**ABOUT THIS EXERCISE**
What is needed is an exact copy of the lines in the entries below from the one holding "- S11 at 1 GHz (round to 2 dB)" through the one holding "Read from the", pictures excluded.

**THE DATA**
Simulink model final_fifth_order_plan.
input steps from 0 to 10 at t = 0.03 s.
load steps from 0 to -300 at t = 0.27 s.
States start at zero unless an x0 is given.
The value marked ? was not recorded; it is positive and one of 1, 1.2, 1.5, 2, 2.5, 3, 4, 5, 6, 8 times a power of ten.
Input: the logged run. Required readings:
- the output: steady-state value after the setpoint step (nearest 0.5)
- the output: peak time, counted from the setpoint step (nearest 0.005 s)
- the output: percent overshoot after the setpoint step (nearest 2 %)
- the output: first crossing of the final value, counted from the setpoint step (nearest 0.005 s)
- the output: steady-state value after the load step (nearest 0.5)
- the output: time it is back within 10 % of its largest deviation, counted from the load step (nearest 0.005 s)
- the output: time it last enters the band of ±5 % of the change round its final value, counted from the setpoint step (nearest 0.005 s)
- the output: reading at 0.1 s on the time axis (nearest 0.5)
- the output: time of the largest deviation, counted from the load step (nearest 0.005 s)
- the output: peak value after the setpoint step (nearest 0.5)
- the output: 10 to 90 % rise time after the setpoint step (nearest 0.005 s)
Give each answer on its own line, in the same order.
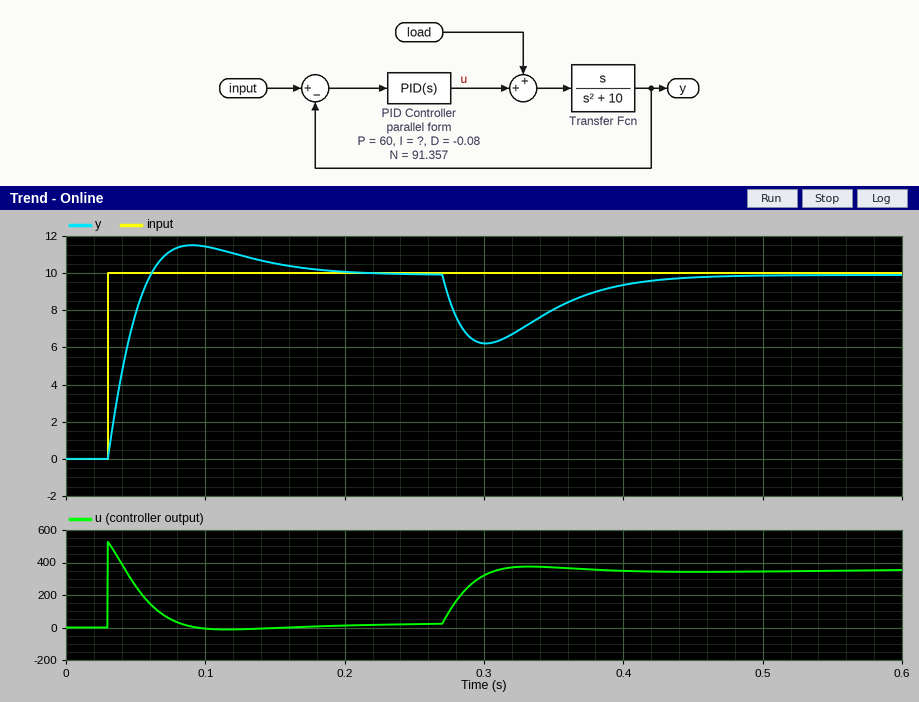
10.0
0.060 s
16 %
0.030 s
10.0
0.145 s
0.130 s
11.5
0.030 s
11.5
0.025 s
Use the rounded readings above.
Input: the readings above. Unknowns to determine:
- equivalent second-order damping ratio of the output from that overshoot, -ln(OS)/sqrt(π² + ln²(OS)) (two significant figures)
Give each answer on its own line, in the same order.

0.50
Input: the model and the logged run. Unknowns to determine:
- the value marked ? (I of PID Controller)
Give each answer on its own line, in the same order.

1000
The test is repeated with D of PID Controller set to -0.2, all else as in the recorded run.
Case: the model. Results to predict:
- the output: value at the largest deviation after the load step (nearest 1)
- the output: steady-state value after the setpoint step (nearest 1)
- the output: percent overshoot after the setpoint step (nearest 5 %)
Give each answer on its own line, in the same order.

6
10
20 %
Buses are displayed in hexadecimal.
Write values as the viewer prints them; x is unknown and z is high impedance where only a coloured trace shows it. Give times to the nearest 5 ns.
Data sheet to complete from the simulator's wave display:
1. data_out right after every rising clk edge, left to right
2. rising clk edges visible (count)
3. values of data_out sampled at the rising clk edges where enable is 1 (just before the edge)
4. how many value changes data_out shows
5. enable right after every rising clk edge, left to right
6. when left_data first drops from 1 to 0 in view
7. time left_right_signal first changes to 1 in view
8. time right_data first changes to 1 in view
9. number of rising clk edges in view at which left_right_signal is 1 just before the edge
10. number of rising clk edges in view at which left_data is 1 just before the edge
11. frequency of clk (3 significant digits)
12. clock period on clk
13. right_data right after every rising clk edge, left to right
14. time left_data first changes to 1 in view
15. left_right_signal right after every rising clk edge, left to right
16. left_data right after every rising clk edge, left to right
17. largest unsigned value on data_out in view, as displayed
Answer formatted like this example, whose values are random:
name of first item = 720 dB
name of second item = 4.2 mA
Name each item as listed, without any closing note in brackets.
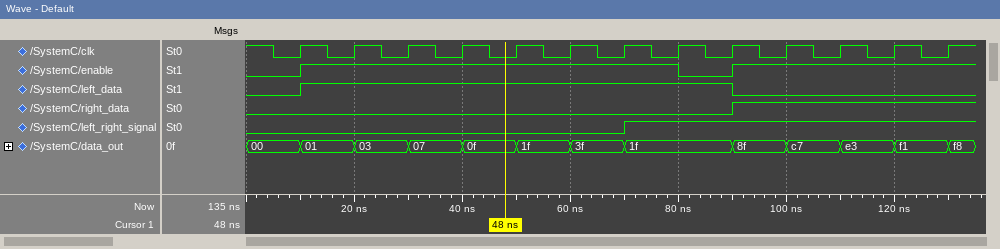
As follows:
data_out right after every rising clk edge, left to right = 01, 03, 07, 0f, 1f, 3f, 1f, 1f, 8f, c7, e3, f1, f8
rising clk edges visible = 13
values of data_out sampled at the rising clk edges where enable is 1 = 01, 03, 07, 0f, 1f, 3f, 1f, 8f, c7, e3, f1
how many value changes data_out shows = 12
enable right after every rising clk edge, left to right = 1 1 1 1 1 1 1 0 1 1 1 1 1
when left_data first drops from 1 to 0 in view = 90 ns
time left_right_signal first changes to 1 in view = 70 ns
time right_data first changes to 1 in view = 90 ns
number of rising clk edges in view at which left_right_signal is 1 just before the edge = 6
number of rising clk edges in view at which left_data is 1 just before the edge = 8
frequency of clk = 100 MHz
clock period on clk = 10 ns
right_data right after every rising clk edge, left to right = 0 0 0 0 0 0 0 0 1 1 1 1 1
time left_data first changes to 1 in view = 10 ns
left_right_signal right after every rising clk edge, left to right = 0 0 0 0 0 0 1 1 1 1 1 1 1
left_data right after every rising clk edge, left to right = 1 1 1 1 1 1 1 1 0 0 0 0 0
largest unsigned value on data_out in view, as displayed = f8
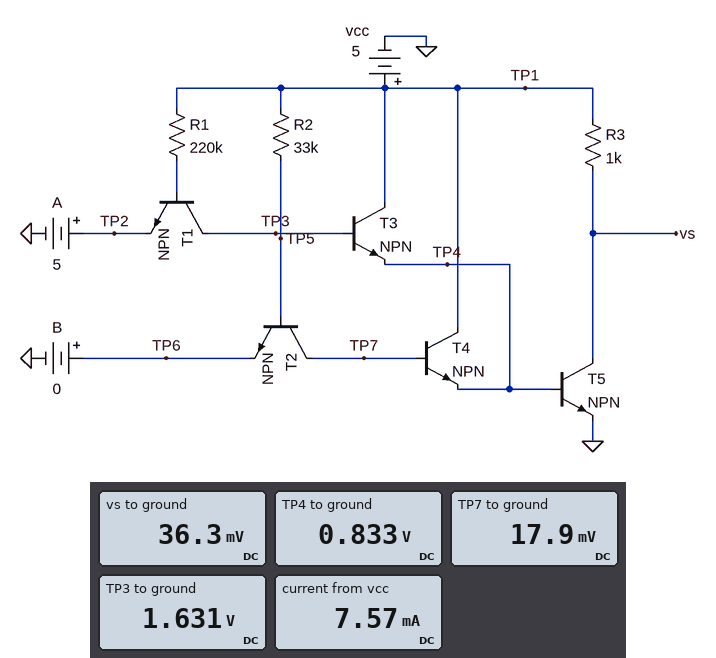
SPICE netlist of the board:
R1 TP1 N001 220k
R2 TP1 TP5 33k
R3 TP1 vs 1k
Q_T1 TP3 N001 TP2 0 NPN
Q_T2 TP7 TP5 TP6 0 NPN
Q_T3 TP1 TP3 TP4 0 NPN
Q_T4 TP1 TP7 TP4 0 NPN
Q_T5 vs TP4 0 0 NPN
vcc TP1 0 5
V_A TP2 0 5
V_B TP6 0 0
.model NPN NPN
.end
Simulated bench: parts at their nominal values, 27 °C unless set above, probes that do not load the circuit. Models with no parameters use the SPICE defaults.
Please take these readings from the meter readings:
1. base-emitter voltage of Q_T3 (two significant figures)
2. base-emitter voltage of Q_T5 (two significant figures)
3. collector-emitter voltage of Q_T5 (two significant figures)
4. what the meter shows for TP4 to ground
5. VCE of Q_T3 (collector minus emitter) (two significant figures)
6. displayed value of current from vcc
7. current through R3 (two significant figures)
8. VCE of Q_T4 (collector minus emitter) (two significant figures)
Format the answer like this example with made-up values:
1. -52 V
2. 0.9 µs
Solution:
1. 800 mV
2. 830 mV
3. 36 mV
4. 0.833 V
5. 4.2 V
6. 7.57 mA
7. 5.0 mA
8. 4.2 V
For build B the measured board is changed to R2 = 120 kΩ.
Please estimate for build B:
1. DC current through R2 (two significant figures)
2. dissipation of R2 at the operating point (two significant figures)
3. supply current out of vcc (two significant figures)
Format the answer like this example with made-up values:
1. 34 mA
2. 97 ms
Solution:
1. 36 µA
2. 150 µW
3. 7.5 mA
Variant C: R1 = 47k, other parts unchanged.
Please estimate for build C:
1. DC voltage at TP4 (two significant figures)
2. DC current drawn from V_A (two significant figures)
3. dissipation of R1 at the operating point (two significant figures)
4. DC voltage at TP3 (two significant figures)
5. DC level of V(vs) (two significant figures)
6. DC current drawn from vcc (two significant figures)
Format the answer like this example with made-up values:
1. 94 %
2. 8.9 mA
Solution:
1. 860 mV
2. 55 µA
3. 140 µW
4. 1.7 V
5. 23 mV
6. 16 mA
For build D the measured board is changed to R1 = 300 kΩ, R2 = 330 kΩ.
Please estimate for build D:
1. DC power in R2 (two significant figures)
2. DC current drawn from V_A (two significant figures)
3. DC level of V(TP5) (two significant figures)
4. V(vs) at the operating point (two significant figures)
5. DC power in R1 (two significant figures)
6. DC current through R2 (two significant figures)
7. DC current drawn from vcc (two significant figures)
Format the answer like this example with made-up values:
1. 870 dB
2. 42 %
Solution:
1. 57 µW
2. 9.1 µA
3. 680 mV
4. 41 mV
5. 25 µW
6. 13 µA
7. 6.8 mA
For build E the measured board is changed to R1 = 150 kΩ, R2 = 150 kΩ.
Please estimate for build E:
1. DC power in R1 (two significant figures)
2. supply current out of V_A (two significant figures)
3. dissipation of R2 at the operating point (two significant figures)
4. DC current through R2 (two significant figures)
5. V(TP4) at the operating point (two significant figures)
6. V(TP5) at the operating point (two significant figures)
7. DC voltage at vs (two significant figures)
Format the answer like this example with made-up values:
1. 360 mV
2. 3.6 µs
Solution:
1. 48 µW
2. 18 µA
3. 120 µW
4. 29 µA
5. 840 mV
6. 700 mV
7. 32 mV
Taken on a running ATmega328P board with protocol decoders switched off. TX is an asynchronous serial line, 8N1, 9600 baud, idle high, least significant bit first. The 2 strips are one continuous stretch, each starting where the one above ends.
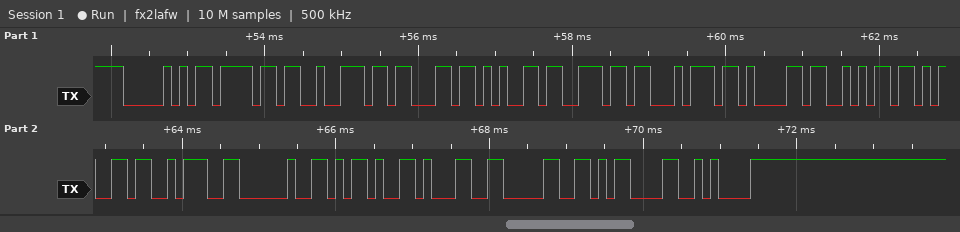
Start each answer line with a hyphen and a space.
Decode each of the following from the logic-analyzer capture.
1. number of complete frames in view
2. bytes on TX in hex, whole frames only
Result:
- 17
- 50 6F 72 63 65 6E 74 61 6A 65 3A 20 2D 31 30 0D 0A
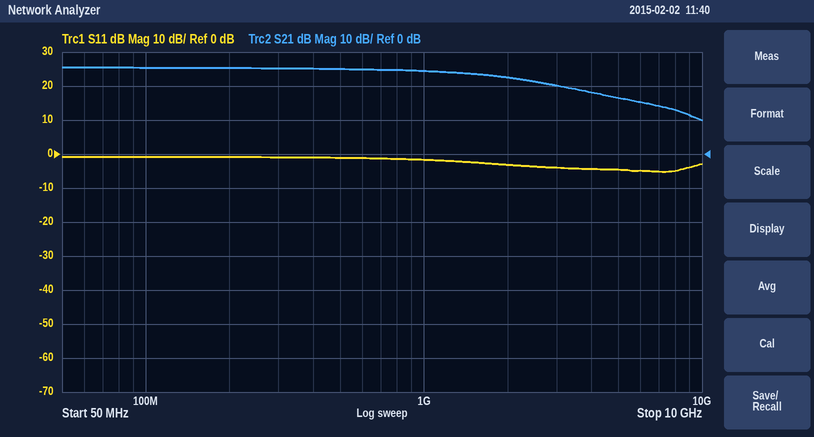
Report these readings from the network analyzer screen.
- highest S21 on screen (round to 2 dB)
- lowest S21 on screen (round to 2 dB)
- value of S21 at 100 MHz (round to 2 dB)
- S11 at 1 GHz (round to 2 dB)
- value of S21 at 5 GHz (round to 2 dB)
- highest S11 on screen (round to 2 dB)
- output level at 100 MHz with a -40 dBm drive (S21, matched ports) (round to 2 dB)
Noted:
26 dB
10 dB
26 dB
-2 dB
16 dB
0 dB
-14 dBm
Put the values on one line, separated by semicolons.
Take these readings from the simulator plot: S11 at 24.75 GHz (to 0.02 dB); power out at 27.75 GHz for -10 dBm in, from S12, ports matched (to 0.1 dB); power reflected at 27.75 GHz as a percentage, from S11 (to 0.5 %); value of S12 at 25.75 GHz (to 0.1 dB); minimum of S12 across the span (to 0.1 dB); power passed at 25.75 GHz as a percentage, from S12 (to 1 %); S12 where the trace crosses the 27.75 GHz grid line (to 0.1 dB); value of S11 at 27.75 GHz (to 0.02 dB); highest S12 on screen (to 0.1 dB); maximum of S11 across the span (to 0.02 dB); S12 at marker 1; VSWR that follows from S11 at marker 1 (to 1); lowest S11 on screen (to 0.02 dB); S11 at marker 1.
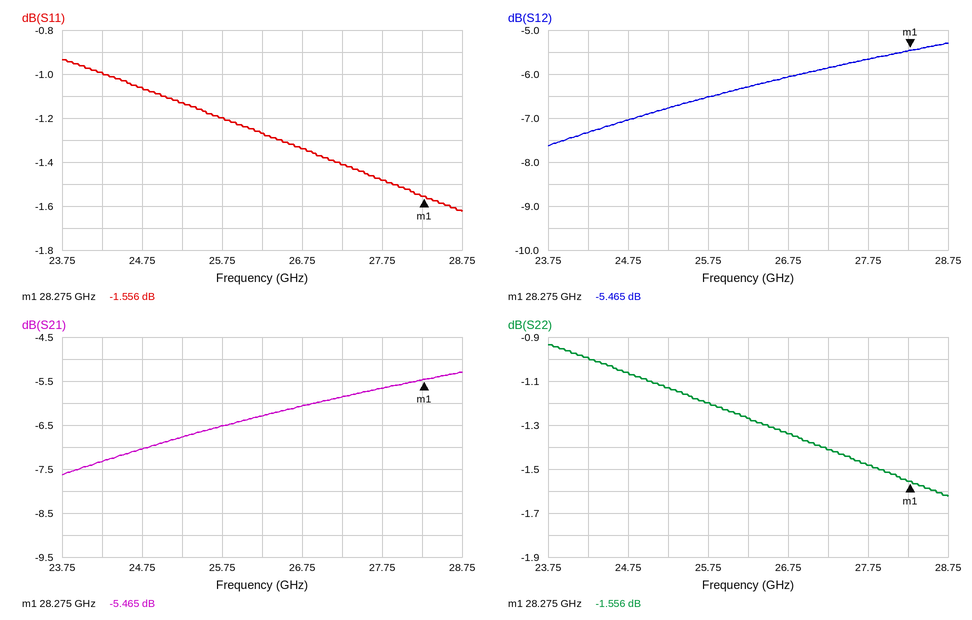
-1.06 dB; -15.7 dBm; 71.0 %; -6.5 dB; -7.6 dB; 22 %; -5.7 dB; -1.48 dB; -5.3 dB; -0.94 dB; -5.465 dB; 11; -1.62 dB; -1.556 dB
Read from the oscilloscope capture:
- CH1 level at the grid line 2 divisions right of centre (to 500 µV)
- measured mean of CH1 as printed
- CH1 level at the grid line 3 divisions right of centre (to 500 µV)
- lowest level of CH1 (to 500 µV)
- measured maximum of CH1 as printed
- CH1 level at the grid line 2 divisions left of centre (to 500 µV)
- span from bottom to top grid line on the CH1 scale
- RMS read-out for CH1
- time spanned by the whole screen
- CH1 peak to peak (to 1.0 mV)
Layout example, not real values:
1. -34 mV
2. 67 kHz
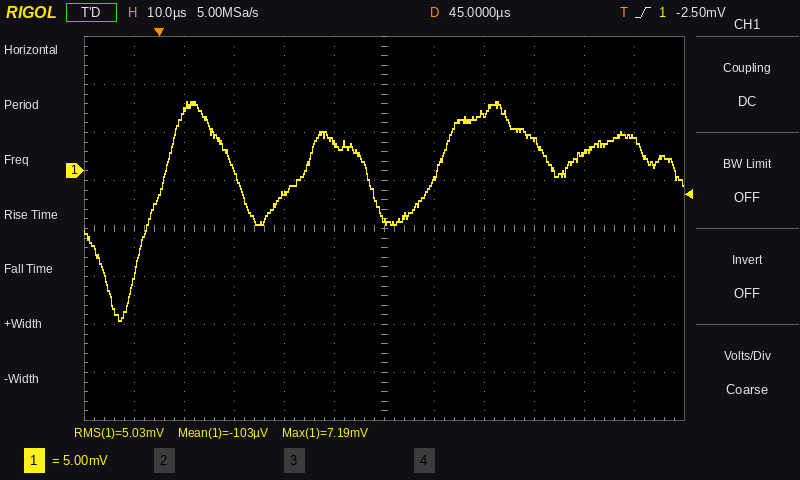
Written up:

**EXERCISE OUTPUT**
- S11 at 1 GHz (round to 2 dB)
- value of S21 at 5 GHz (round to 2 dB)
- highest S11 on screen (round to 2 dB)
- output level at 100 MHz with a -40 dBm drive (S21, matched ports) (round to 2 dB)
Noted:
26 dB
10 dB
26 dB
-2 dB
16 dB
0 dB
-14 dBm
Put the values on one line, separated by semicolons.
Take these readings from the simulator plot: S11 at 24.75 GHz (to 0.02 dB); power out at 27.75 GHz for -10 dBm in, from S12, ports matched (to 0.1 dB); power reflected at 27.75 GHz as a percentage, from S11 (to 0.5 %); value of S12 at 25.75 GHz (to 0.1 dB); minimum of S12 across the span (to 0.1 dB); power passed at 25.75 GHz as a percentage, from S12 (to 1 %); S12 where the trace crosses the 27.75 GHz grid line (to 0.1 dB); value of S11 at 27.75 GHz (to 0.02 dB); highest S12 on screen (to 0.1 dB); maximum of S11 across the span (to 0.02 dB); S12 at marker 1; VSWR that follows from S11 at marker 1 (to 1); lowest S11 on screen (to 0.02 dB); S11 at marker 1.
-1.06 dB; -15.7 dBm; 71.0 %; -6.5 dB; -7.6 dB; 22 %; -5.7 dB; -1.48 dB; -5.3 dB; -0.94 dB; -5.465 dB; 11; -1.62 dB; -1.556 dB
Read from the oscilloscope capture:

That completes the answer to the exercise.